Kessler, now a Chicago resident, wandered the city in his first winter looking for a taste of home, scratching his head at ostensibly southern dishes such as pimento-cheese cavatappi, Nashville hot wings, and North Carolina pulled pork po’boys.
In the end Kessler focused on Dixie, the then yet-to-open spot from Lillie’s Q boss Charlie McKenna, in the snug Bucktown A-frame that once housed Takashi. McKenna and company have transformed the space into something like a Charleston piazza, with a white porch complete with rocking chairs, the interior walls festooned with southern-fried prop photos and gold-shellacked oyster shells.

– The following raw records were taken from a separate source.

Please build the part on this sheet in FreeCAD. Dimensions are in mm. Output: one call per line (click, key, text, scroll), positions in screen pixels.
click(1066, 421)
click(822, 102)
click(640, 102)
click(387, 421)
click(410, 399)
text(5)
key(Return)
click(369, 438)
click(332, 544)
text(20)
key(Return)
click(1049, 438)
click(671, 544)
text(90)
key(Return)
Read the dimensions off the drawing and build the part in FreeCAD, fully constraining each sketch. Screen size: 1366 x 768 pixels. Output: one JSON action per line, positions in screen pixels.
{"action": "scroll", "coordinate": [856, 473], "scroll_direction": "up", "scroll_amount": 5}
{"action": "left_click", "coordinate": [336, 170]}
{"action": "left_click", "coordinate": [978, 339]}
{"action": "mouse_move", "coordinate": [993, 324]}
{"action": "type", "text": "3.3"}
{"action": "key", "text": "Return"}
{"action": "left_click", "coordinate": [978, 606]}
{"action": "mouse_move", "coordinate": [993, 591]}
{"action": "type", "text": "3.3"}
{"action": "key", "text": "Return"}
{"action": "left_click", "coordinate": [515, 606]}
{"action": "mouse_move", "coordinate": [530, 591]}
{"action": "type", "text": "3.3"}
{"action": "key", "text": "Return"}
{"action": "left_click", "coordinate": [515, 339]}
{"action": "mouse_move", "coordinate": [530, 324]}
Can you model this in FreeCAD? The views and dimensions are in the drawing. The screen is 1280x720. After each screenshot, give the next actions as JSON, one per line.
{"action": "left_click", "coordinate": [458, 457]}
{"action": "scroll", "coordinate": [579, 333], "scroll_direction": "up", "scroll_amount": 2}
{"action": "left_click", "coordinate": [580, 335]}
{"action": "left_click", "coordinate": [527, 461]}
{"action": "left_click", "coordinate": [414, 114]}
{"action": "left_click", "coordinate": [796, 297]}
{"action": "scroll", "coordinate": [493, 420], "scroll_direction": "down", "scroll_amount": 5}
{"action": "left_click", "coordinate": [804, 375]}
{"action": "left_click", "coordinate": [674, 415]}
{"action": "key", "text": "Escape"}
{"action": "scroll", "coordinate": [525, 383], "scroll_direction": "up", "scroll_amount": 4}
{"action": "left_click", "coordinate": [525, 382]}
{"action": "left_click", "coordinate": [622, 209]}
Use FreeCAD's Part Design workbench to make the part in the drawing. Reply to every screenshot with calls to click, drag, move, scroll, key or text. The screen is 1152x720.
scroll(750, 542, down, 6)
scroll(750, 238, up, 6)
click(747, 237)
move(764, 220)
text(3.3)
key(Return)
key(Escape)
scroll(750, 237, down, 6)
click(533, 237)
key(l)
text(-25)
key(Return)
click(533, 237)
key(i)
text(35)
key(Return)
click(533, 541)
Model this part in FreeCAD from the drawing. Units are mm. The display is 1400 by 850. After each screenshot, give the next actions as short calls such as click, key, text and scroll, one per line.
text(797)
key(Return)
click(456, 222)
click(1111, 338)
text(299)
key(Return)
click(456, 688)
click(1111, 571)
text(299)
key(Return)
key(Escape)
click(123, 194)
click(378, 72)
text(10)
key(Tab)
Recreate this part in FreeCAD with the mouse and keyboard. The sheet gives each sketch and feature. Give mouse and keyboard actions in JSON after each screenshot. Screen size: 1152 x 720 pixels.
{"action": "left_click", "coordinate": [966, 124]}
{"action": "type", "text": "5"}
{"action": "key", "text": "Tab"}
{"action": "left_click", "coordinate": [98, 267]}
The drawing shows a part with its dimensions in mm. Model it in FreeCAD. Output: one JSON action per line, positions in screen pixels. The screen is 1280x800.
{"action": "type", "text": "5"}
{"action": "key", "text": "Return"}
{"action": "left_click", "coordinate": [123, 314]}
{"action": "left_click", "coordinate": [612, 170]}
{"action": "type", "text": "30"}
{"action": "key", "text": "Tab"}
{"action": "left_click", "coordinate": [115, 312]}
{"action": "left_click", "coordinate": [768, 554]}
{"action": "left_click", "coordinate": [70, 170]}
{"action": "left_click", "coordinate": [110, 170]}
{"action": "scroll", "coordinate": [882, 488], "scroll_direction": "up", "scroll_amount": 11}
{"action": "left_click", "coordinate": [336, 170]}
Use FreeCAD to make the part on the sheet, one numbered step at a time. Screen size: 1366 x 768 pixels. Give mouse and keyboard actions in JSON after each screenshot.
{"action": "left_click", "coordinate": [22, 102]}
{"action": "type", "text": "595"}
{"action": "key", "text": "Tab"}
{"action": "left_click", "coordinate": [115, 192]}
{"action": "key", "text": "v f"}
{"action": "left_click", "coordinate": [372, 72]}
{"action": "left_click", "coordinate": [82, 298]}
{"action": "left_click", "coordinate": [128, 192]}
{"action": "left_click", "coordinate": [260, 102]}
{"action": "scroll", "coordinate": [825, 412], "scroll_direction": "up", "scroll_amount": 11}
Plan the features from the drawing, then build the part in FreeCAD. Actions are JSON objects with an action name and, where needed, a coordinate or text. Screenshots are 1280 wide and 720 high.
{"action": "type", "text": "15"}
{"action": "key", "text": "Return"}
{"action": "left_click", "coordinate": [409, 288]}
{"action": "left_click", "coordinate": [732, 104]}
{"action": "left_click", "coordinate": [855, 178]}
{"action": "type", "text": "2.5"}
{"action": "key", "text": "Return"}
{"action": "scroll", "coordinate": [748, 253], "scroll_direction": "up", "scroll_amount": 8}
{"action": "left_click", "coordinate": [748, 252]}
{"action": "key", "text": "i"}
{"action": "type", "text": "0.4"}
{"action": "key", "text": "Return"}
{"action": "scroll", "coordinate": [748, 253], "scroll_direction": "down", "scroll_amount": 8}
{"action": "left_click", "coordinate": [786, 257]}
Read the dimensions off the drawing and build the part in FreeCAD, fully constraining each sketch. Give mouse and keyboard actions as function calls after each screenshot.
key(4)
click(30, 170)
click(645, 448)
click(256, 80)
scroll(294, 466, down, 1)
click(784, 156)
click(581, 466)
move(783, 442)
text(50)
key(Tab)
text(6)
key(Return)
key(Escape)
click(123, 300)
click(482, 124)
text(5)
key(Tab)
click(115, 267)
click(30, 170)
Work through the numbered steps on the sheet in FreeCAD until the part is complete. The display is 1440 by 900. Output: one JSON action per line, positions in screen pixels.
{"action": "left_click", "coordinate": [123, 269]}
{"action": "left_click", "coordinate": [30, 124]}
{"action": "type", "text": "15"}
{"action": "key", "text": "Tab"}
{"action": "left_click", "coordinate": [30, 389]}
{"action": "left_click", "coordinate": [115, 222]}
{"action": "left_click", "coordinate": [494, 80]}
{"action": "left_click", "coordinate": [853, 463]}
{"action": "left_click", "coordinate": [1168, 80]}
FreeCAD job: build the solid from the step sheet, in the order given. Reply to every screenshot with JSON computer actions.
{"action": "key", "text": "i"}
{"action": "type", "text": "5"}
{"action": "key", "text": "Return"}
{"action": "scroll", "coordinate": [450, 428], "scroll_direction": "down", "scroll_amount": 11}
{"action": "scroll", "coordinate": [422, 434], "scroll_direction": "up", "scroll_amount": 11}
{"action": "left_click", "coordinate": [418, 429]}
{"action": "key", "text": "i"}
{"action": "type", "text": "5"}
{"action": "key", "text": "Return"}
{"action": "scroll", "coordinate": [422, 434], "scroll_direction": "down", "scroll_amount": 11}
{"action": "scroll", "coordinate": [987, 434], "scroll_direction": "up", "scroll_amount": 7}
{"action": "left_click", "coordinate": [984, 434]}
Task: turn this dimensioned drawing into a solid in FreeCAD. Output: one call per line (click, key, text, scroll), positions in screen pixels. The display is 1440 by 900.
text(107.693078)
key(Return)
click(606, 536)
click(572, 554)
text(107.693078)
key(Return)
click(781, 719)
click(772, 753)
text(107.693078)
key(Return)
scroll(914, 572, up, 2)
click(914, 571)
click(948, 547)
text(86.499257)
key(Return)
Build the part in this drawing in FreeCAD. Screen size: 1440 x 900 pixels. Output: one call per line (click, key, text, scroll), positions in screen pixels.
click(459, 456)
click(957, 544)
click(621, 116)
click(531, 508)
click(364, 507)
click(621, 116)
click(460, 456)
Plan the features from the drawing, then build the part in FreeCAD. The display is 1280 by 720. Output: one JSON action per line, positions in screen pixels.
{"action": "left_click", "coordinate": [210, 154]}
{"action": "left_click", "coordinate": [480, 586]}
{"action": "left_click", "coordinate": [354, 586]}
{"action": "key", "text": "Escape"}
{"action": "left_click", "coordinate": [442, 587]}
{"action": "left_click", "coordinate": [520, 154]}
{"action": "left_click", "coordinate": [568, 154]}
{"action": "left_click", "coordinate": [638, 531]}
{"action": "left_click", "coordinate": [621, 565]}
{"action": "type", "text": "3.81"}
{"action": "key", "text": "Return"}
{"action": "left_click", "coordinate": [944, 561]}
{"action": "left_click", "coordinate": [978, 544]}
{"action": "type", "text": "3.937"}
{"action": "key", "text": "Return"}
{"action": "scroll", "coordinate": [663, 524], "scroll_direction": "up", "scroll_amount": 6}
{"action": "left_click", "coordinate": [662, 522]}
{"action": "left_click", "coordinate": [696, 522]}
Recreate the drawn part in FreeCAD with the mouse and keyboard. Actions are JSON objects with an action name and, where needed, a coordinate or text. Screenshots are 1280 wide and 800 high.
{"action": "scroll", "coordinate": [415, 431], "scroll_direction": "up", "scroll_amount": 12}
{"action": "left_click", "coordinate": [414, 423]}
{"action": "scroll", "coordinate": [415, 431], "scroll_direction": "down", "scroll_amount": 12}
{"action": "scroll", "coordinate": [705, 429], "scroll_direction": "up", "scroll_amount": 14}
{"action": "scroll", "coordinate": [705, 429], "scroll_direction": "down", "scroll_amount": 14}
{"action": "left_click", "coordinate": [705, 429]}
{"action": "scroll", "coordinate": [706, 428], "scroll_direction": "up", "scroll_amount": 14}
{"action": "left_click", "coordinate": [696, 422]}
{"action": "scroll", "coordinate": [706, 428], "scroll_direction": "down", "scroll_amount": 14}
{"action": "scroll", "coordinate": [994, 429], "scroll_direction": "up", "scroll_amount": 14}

Kessler pressed McKenna and his designer on the propriety of the name and the restaurant’s “antebellum” theme as perhaps only a transplanted southerner could, suggesting their connections to a shameful period in American history to the seemingly oblivious restaurateurs.
“I’m going to be taking a lot of the food and ingredients the slaves brought over and celebrating it in a better light,” replied McKenna, himself a southerner.
Before McKenna opened his barbecue joint he was also a veteran of fine-dining restaurants such as Avenues and Tru, and at Dixie he seems to be celebrating the slaves’ food through that lens, taking elements, or in some cases just the ingredients, of classic southern dishes and placing them in new, sometimes dissonant contexts—on small, shared plates.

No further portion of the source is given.